Stored items

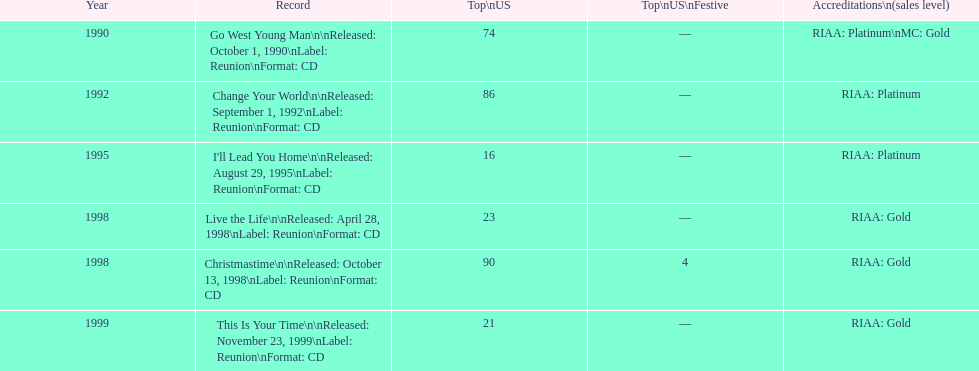Riaa: gold is only one of the certifications, but what is the other? Platinum. 
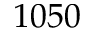<formula> <loc_0><loc_0><loc_500><loc_500>1 0 5 0</formula> 
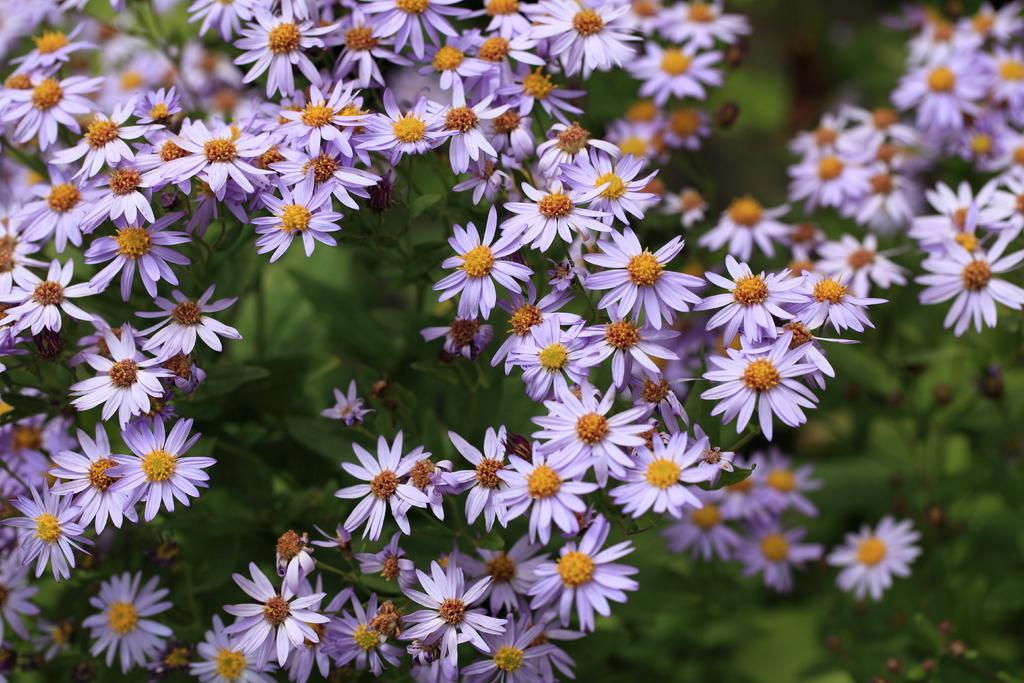What type of living organisms are in the image? There are plants in the image. What specific feature can be observed on the plants? The plants have flowers. Can you describe the background of the image? The background of the image is blurred. Is there a veil covering the plants in the image? There is no veil present in the image; the plants are not covered. How many visitors can be seen interacting with the plants in the image? There are no visitors present in the image; it only features plants with flowers. 
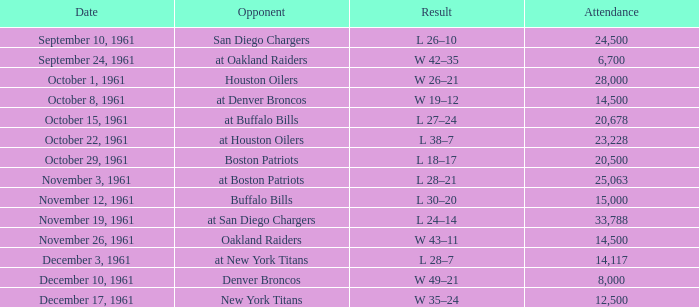What is the low attendance rate against buffalo bills? 15000.0. 
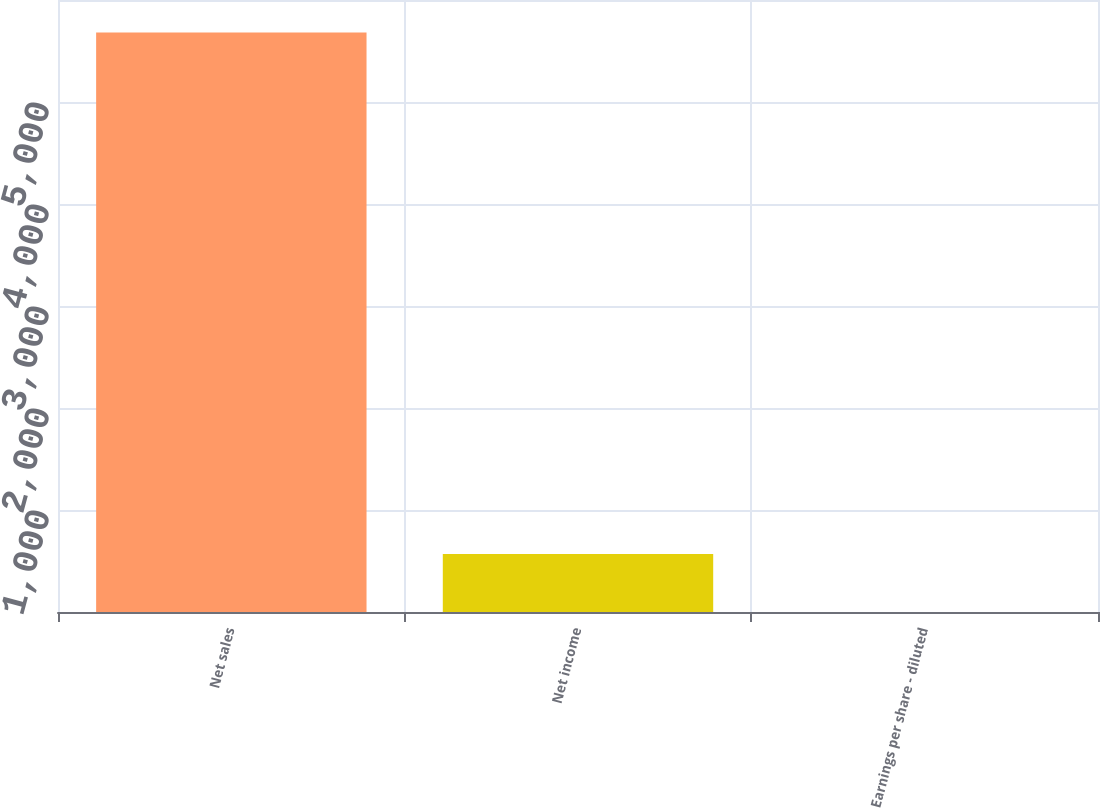Convert chart to OTSL. <chart><loc_0><loc_0><loc_500><loc_500><bar_chart><fcel>Net sales<fcel>Net income<fcel>Earnings per share - diluted<nl><fcel>5682<fcel>568.34<fcel>0.15<nl></chart> 
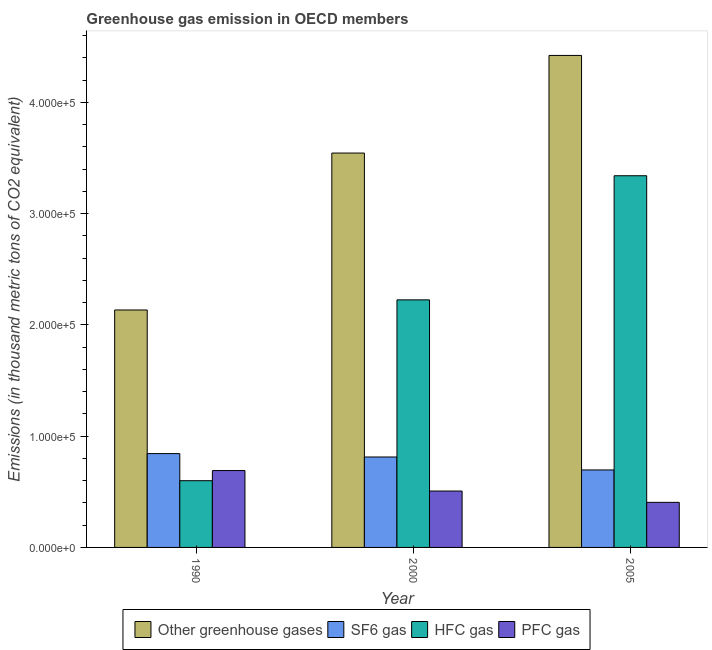How many different coloured bars are there?
Your answer should be compact. 4. How many bars are there on the 1st tick from the left?
Provide a short and direct response. 4. How many bars are there on the 1st tick from the right?
Your answer should be very brief. 4. What is the label of the 1st group of bars from the left?
Offer a terse response. 1990. In how many cases, is the number of bars for a given year not equal to the number of legend labels?
Ensure brevity in your answer.  0. What is the emission of pfc gas in 2005?
Provide a short and direct response. 4.05e+04. Across all years, what is the maximum emission of hfc gas?
Your response must be concise. 3.34e+05. Across all years, what is the minimum emission of greenhouse gases?
Your answer should be very brief. 2.13e+05. What is the total emission of sf6 gas in the graph?
Provide a short and direct response. 2.35e+05. What is the difference between the emission of pfc gas in 2000 and that in 2005?
Offer a terse response. 1.02e+04. What is the difference between the emission of sf6 gas in 1990 and the emission of greenhouse gases in 2000?
Your answer should be compact. 3071.7. What is the average emission of greenhouse gases per year?
Your answer should be very brief. 3.37e+05. In how many years, is the emission of pfc gas greater than 360000 thousand metric tons?
Ensure brevity in your answer.  0. What is the ratio of the emission of hfc gas in 1990 to that in 2000?
Your answer should be very brief. 0.27. Is the difference between the emission of hfc gas in 1990 and 2000 greater than the difference between the emission of sf6 gas in 1990 and 2000?
Your answer should be compact. No. What is the difference between the highest and the second highest emission of pfc gas?
Your response must be concise. 1.84e+04. What is the difference between the highest and the lowest emission of pfc gas?
Ensure brevity in your answer.  2.86e+04. Is the sum of the emission of greenhouse gases in 1990 and 2005 greater than the maximum emission of pfc gas across all years?
Your answer should be very brief. Yes. What does the 3rd bar from the left in 1990 represents?
Make the answer very short. HFC gas. What does the 2nd bar from the right in 1990 represents?
Keep it short and to the point. HFC gas. How many bars are there?
Your answer should be compact. 12. How many years are there in the graph?
Give a very brief answer. 3. Does the graph contain any zero values?
Make the answer very short. No. How many legend labels are there?
Keep it short and to the point. 4. How are the legend labels stacked?
Provide a short and direct response. Horizontal. What is the title of the graph?
Your response must be concise. Greenhouse gas emission in OECD members. Does "Luxembourg" appear as one of the legend labels in the graph?
Give a very brief answer. No. What is the label or title of the Y-axis?
Your answer should be very brief. Emissions (in thousand metric tons of CO2 equivalent). What is the Emissions (in thousand metric tons of CO2 equivalent) of Other greenhouse gases in 1990?
Provide a short and direct response. 2.13e+05. What is the Emissions (in thousand metric tons of CO2 equivalent) in SF6 gas in 1990?
Keep it short and to the point. 8.44e+04. What is the Emissions (in thousand metric tons of CO2 equivalent) of HFC gas in 1990?
Ensure brevity in your answer.  6.00e+04. What is the Emissions (in thousand metric tons of CO2 equivalent) in PFC gas in 1990?
Offer a very short reply. 6.91e+04. What is the Emissions (in thousand metric tons of CO2 equivalent) of Other greenhouse gases in 2000?
Your response must be concise. 3.54e+05. What is the Emissions (in thousand metric tons of CO2 equivalent) of SF6 gas in 2000?
Provide a succinct answer. 8.13e+04. What is the Emissions (in thousand metric tons of CO2 equivalent) of HFC gas in 2000?
Your response must be concise. 2.23e+05. What is the Emissions (in thousand metric tons of CO2 equivalent) in PFC gas in 2000?
Give a very brief answer. 5.07e+04. What is the Emissions (in thousand metric tons of CO2 equivalent) of Other greenhouse gases in 2005?
Provide a succinct answer. 4.42e+05. What is the Emissions (in thousand metric tons of CO2 equivalent) of SF6 gas in 2005?
Offer a terse response. 6.96e+04. What is the Emissions (in thousand metric tons of CO2 equivalent) of HFC gas in 2005?
Keep it short and to the point. 3.34e+05. What is the Emissions (in thousand metric tons of CO2 equivalent) in PFC gas in 2005?
Your answer should be compact. 4.05e+04. Across all years, what is the maximum Emissions (in thousand metric tons of CO2 equivalent) in Other greenhouse gases?
Make the answer very short. 4.42e+05. Across all years, what is the maximum Emissions (in thousand metric tons of CO2 equivalent) of SF6 gas?
Your response must be concise. 8.44e+04. Across all years, what is the maximum Emissions (in thousand metric tons of CO2 equivalent) in HFC gas?
Provide a succinct answer. 3.34e+05. Across all years, what is the maximum Emissions (in thousand metric tons of CO2 equivalent) of PFC gas?
Make the answer very short. 6.91e+04. Across all years, what is the minimum Emissions (in thousand metric tons of CO2 equivalent) of Other greenhouse gases?
Provide a succinct answer. 2.13e+05. Across all years, what is the minimum Emissions (in thousand metric tons of CO2 equivalent) in SF6 gas?
Offer a terse response. 6.96e+04. Across all years, what is the minimum Emissions (in thousand metric tons of CO2 equivalent) in HFC gas?
Your response must be concise. 6.00e+04. Across all years, what is the minimum Emissions (in thousand metric tons of CO2 equivalent) of PFC gas?
Give a very brief answer. 4.05e+04. What is the total Emissions (in thousand metric tons of CO2 equivalent) in Other greenhouse gases in the graph?
Offer a very short reply. 1.01e+06. What is the total Emissions (in thousand metric tons of CO2 equivalent) in SF6 gas in the graph?
Keep it short and to the point. 2.35e+05. What is the total Emissions (in thousand metric tons of CO2 equivalent) of HFC gas in the graph?
Your response must be concise. 6.17e+05. What is the total Emissions (in thousand metric tons of CO2 equivalent) in PFC gas in the graph?
Give a very brief answer. 1.60e+05. What is the difference between the Emissions (in thousand metric tons of CO2 equivalent) in Other greenhouse gases in 1990 and that in 2000?
Provide a short and direct response. -1.41e+05. What is the difference between the Emissions (in thousand metric tons of CO2 equivalent) of SF6 gas in 1990 and that in 2000?
Keep it short and to the point. 3071.7. What is the difference between the Emissions (in thousand metric tons of CO2 equivalent) of HFC gas in 1990 and that in 2000?
Give a very brief answer. -1.63e+05. What is the difference between the Emissions (in thousand metric tons of CO2 equivalent) in PFC gas in 1990 and that in 2000?
Provide a short and direct response. 1.84e+04. What is the difference between the Emissions (in thousand metric tons of CO2 equivalent) in Other greenhouse gases in 1990 and that in 2005?
Your answer should be compact. -2.29e+05. What is the difference between the Emissions (in thousand metric tons of CO2 equivalent) of SF6 gas in 1990 and that in 2005?
Keep it short and to the point. 1.47e+04. What is the difference between the Emissions (in thousand metric tons of CO2 equivalent) of HFC gas in 1990 and that in 2005?
Provide a succinct answer. -2.74e+05. What is the difference between the Emissions (in thousand metric tons of CO2 equivalent) of PFC gas in 1990 and that in 2005?
Your answer should be compact. 2.86e+04. What is the difference between the Emissions (in thousand metric tons of CO2 equivalent) of Other greenhouse gases in 2000 and that in 2005?
Ensure brevity in your answer.  -8.78e+04. What is the difference between the Emissions (in thousand metric tons of CO2 equivalent) of SF6 gas in 2000 and that in 2005?
Make the answer very short. 1.16e+04. What is the difference between the Emissions (in thousand metric tons of CO2 equivalent) of HFC gas in 2000 and that in 2005?
Keep it short and to the point. -1.12e+05. What is the difference between the Emissions (in thousand metric tons of CO2 equivalent) of PFC gas in 2000 and that in 2005?
Provide a short and direct response. 1.02e+04. What is the difference between the Emissions (in thousand metric tons of CO2 equivalent) of Other greenhouse gases in 1990 and the Emissions (in thousand metric tons of CO2 equivalent) of SF6 gas in 2000?
Your answer should be compact. 1.32e+05. What is the difference between the Emissions (in thousand metric tons of CO2 equivalent) of Other greenhouse gases in 1990 and the Emissions (in thousand metric tons of CO2 equivalent) of HFC gas in 2000?
Make the answer very short. -9085.8. What is the difference between the Emissions (in thousand metric tons of CO2 equivalent) in Other greenhouse gases in 1990 and the Emissions (in thousand metric tons of CO2 equivalent) in PFC gas in 2000?
Give a very brief answer. 1.63e+05. What is the difference between the Emissions (in thousand metric tons of CO2 equivalent) in SF6 gas in 1990 and the Emissions (in thousand metric tons of CO2 equivalent) in HFC gas in 2000?
Provide a succinct answer. -1.38e+05. What is the difference between the Emissions (in thousand metric tons of CO2 equivalent) in SF6 gas in 1990 and the Emissions (in thousand metric tons of CO2 equivalent) in PFC gas in 2000?
Provide a short and direct response. 3.37e+04. What is the difference between the Emissions (in thousand metric tons of CO2 equivalent) of HFC gas in 1990 and the Emissions (in thousand metric tons of CO2 equivalent) of PFC gas in 2000?
Your answer should be compact. 9302.6. What is the difference between the Emissions (in thousand metric tons of CO2 equivalent) of Other greenhouse gases in 1990 and the Emissions (in thousand metric tons of CO2 equivalent) of SF6 gas in 2005?
Your answer should be compact. 1.44e+05. What is the difference between the Emissions (in thousand metric tons of CO2 equivalent) of Other greenhouse gases in 1990 and the Emissions (in thousand metric tons of CO2 equivalent) of HFC gas in 2005?
Make the answer very short. -1.21e+05. What is the difference between the Emissions (in thousand metric tons of CO2 equivalent) of Other greenhouse gases in 1990 and the Emissions (in thousand metric tons of CO2 equivalent) of PFC gas in 2005?
Your answer should be very brief. 1.73e+05. What is the difference between the Emissions (in thousand metric tons of CO2 equivalent) of SF6 gas in 1990 and the Emissions (in thousand metric tons of CO2 equivalent) of HFC gas in 2005?
Provide a succinct answer. -2.50e+05. What is the difference between the Emissions (in thousand metric tons of CO2 equivalent) of SF6 gas in 1990 and the Emissions (in thousand metric tons of CO2 equivalent) of PFC gas in 2005?
Provide a short and direct response. 4.38e+04. What is the difference between the Emissions (in thousand metric tons of CO2 equivalent) of HFC gas in 1990 and the Emissions (in thousand metric tons of CO2 equivalent) of PFC gas in 2005?
Provide a succinct answer. 1.95e+04. What is the difference between the Emissions (in thousand metric tons of CO2 equivalent) of Other greenhouse gases in 2000 and the Emissions (in thousand metric tons of CO2 equivalent) of SF6 gas in 2005?
Your answer should be compact. 2.85e+05. What is the difference between the Emissions (in thousand metric tons of CO2 equivalent) in Other greenhouse gases in 2000 and the Emissions (in thousand metric tons of CO2 equivalent) in HFC gas in 2005?
Provide a succinct answer. 2.04e+04. What is the difference between the Emissions (in thousand metric tons of CO2 equivalent) of Other greenhouse gases in 2000 and the Emissions (in thousand metric tons of CO2 equivalent) of PFC gas in 2005?
Give a very brief answer. 3.14e+05. What is the difference between the Emissions (in thousand metric tons of CO2 equivalent) in SF6 gas in 2000 and the Emissions (in thousand metric tons of CO2 equivalent) in HFC gas in 2005?
Give a very brief answer. -2.53e+05. What is the difference between the Emissions (in thousand metric tons of CO2 equivalent) of SF6 gas in 2000 and the Emissions (in thousand metric tons of CO2 equivalent) of PFC gas in 2005?
Provide a short and direct response. 4.08e+04. What is the difference between the Emissions (in thousand metric tons of CO2 equivalent) in HFC gas in 2000 and the Emissions (in thousand metric tons of CO2 equivalent) in PFC gas in 2005?
Give a very brief answer. 1.82e+05. What is the average Emissions (in thousand metric tons of CO2 equivalent) in Other greenhouse gases per year?
Offer a terse response. 3.37e+05. What is the average Emissions (in thousand metric tons of CO2 equivalent) of SF6 gas per year?
Offer a terse response. 7.84e+04. What is the average Emissions (in thousand metric tons of CO2 equivalent) of HFC gas per year?
Provide a short and direct response. 2.06e+05. What is the average Emissions (in thousand metric tons of CO2 equivalent) of PFC gas per year?
Provide a succinct answer. 5.34e+04. In the year 1990, what is the difference between the Emissions (in thousand metric tons of CO2 equivalent) in Other greenhouse gases and Emissions (in thousand metric tons of CO2 equivalent) in SF6 gas?
Offer a terse response. 1.29e+05. In the year 1990, what is the difference between the Emissions (in thousand metric tons of CO2 equivalent) of Other greenhouse gases and Emissions (in thousand metric tons of CO2 equivalent) of HFC gas?
Offer a terse response. 1.53e+05. In the year 1990, what is the difference between the Emissions (in thousand metric tons of CO2 equivalent) of Other greenhouse gases and Emissions (in thousand metric tons of CO2 equivalent) of PFC gas?
Your answer should be very brief. 1.44e+05. In the year 1990, what is the difference between the Emissions (in thousand metric tons of CO2 equivalent) in SF6 gas and Emissions (in thousand metric tons of CO2 equivalent) in HFC gas?
Offer a terse response. 2.44e+04. In the year 1990, what is the difference between the Emissions (in thousand metric tons of CO2 equivalent) in SF6 gas and Emissions (in thousand metric tons of CO2 equivalent) in PFC gas?
Ensure brevity in your answer.  1.53e+04. In the year 1990, what is the difference between the Emissions (in thousand metric tons of CO2 equivalent) in HFC gas and Emissions (in thousand metric tons of CO2 equivalent) in PFC gas?
Your answer should be compact. -9114.4. In the year 2000, what is the difference between the Emissions (in thousand metric tons of CO2 equivalent) in Other greenhouse gases and Emissions (in thousand metric tons of CO2 equivalent) in SF6 gas?
Your response must be concise. 2.73e+05. In the year 2000, what is the difference between the Emissions (in thousand metric tons of CO2 equivalent) in Other greenhouse gases and Emissions (in thousand metric tons of CO2 equivalent) in HFC gas?
Offer a very short reply. 1.32e+05. In the year 2000, what is the difference between the Emissions (in thousand metric tons of CO2 equivalent) in Other greenhouse gases and Emissions (in thousand metric tons of CO2 equivalent) in PFC gas?
Make the answer very short. 3.04e+05. In the year 2000, what is the difference between the Emissions (in thousand metric tons of CO2 equivalent) in SF6 gas and Emissions (in thousand metric tons of CO2 equivalent) in HFC gas?
Your answer should be very brief. -1.41e+05. In the year 2000, what is the difference between the Emissions (in thousand metric tons of CO2 equivalent) of SF6 gas and Emissions (in thousand metric tons of CO2 equivalent) of PFC gas?
Provide a short and direct response. 3.06e+04. In the year 2000, what is the difference between the Emissions (in thousand metric tons of CO2 equivalent) of HFC gas and Emissions (in thousand metric tons of CO2 equivalent) of PFC gas?
Offer a terse response. 1.72e+05. In the year 2005, what is the difference between the Emissions (in thousand metric tons of CO2 equivalent) in Other greenhouse gases and Emissions (in thousand metric tons of CO2 equivalent) in SF6 gas?
Your answer should be very brief. 3.73e+05. In the year 2005, what is the difference between the Emissions (in thousand metric tons of CO2 equivalent) in Other greenhouse gases and Emissions (in thousand metric tons of CO2 equivalent) in HFC gas?
Give a very brief answer. 1.08e+05. In the year 2005, what is the difference between the Emissions (in thousand metric tons of CO2 equivalent) of Other greenhouse gases and Emissions (in thousand metric tons of CO2 equivalent) of PFC gas?
Provide a short and direct response. 4.02e+05. In the year 2005, what is the difference between the Emissions (in thousand metric tons of CO2 equivalent) of SF6 gas and Emissions (in thousand metric tons of CO2 equivalent) of HFC gas?
Ensure brevity in your answer.  -2.64e+05. In the year 2005, what is the difference between the Emissions (in thousand metric tons of CO2 equivalent) in SF6 gas and Emissions (in thousand metric tons of CO2 equivalent) in PFC gas?
Offer a very short reply. 2.91e+04. In the year 2005, what is the difference between the Emissions (in thousand metric tons of CO2 equivalent) in HFC gas and Emissions (in thousand metric tons of CO2 equivalent) in PFC gas?
Provide a short and direct response. 2.94e+05. What is the ratio of the Emissions (in thousand metric tons of CO2 equivalent) of Other greenhouse gases in 1990 to that in 2000?
Keep it short and to the point. 0.6. What is the ratio of the Emissions (in thousand metric tons of CO2 equivalent) of SF6 gas in 1990 to that in 2000?
Make the answer very short. 1.04. What is the ratio of the Emissions (in thousand metric tons of CO2 equivalent) of HFC gas in 1990 to that in 2000?
Offer a terse response. 0.27. What is the ratio of the Emissions (in thousand metric tons of CO2 equivalent) in PFC gas in 1990 to that in 2000?
Make the answer very short. 1.36. What is the ratio of the Emissions (in thousand metric tons of CO2 equivalent) of Other greenhouse gases in 1990 to that in 2005?
Ensure brevity in your answer.  0.48. What is the ratio of the Emissions (in thousand metric tons of CO2 equivalent) in SF6 gas in 1990 to that in 2005?
Your response must be concise. 1.21. What is the ratio of the Emissions (in thousand metric tons of CO2 equivalent) in HFC gas in 1990 to that in 2005?
Ensure brevity in your answer.  0.18. What is the ratio of the Emissions (in thousand metric tons of CO2 equivalent) of PFC gas in 1990 to that in 2005?
Keep it short and to the point. 1.71. What is the ratio of the Emissions (in thousand metric tons of CO2 equivalent) of Other greenhouse gases in 2000 to that in 2005?
Your answer should be compact. 0.8. What is the ratio of the Emissions (in thousand metric tons of CO2 equivalent) of SF6 gas in 2000 to that in 2005?
Your answer should be very brief. 1.17. What is the ratio of the Emissions (in thousand metric tons of CO2 equivalent) in HFC gas in 2000 to that in 2005?
Offer a terse response. 0.67. What is the ratio of the Emissions (in thousand metric tons of CO2 equivalent) in PFC gas in 2000 to that in 2005?
Ensure brevity in your answer.  1.25. What is the difference between the highest and the second highest Emissions (in thousand metric tons of CO2 equivalent) in Other greenhouse gases?
Offer a terse response. 8.78e+04. What is the difference between the highest and the second highest Emissions (in thousand metric tons of CO2 equivalent) in SF6 gas?
Offer a very short reply. 3071.7. What is the difference between the highest and the second highest Emissions (in thousand metric tons of CO2 equivalent) of HFC gas?
Keep it short and to the point. 1.12e+05. What is the difference between the highest and the second highest Emissions (in thousand metric tons of CO2 equivalent) in PFC gas?
Give a very brief answer. 1.84e+04. What is the difference between the highest and the lowest Emissions (in thousand metric tons of CO2 equivalent) in Other greenhouse gases?
Provide a short and direct response. 2.29e+05. What is the difference between the highest and the lowest Emissions (in thousand metric tons of CO2 equivalent) of SF6 gas?
Offer a terse response. 1.47e+04. What is the difference between the highest and the lowest Emissions (in thousand metric tons of CO2 equivalent) in HFC gas?
Your answer should be compact. 2.74e+05. What is the difference between the highest and the lowest Emissions (in thousand metric tons of CO2 equivalent) in PFC gas?
Offer a very short reply. 2.86e+04.

Task directions: Look above for the line with "Give a very brief answer. -2.53e+05."; retype exactly that line, every line after it up to the line with "Your answer should be very brief. 1.44e+05.", and that line too, nothing else.

Task answer:
Give a very brief answer. -2.53e+05. What is the difference between the Emissions (in thousand metric tons of CO2 equivalent) of SF6 gas in 2000 and the Emissions (in thousand metric tons of CO2 equivalent) of PFC gas in 2005?
Provide a short and direct response. 4.08e+04. What is the difference between the Emissions (in thousand metric tons of CO2 equivalent) in HFC gas in 2000 and the Emissions (in thousand metric tons of CO2 equivalent) in PFC gas in 2005?
Give a very brief answer. 1.82e+05. What is the average Emissions (in thousand metric tons of CO2 equivalent) in Other greenhouse gases per year?
Offer a terse response. 3.37e+05. What is the average Emissions (in thousand metric tons of CO2 equivalent) of SF6 gas per year?
Offer a terse response. 7.84e+04. What is the average Emissions (in thousand metric tons of CO2 equivalent) of HFC gas per year?
Provide a short and direct response. 2.06e+05. What is the average Emissions (in thousand metric tons of CO2 equivalent) of PFC gas per year?
Provide a succinct answer. 5.34e+04. In the year 1990, what is the difference between the Emissions (in thousand metric tons of CO2 equivalent) in Other greenhouse gases and Emissions (in thousand metric tons of CO2 equivalent) in SF6 gas?
Offer a terse response. 1.29e+05. In the year 1990, what is the difference between the Emissions (in thousand metric tons of CO2 equivalent) of Other greenhouse gases and Emissions (in thousand metric tons of CO2 equivalent) of HFC gas?
Offer a terse response. 1.53e+05. In the year 1990, what is the difference between the Emissions (in thousand metric tons of CO2 equivalent) of Other greenhouse gases and Emissions (in thousand metric tons of CO2 equivalent) of PFC gas?
Your answer should be very brief. 1.44e+05. In the year 1990, what is the difference between the Emissions (in thousand metric tons of CO2 equivalent) in SF6 gas and Emissions (in thousand metric tons of CO2 equivalent) in HFC gas?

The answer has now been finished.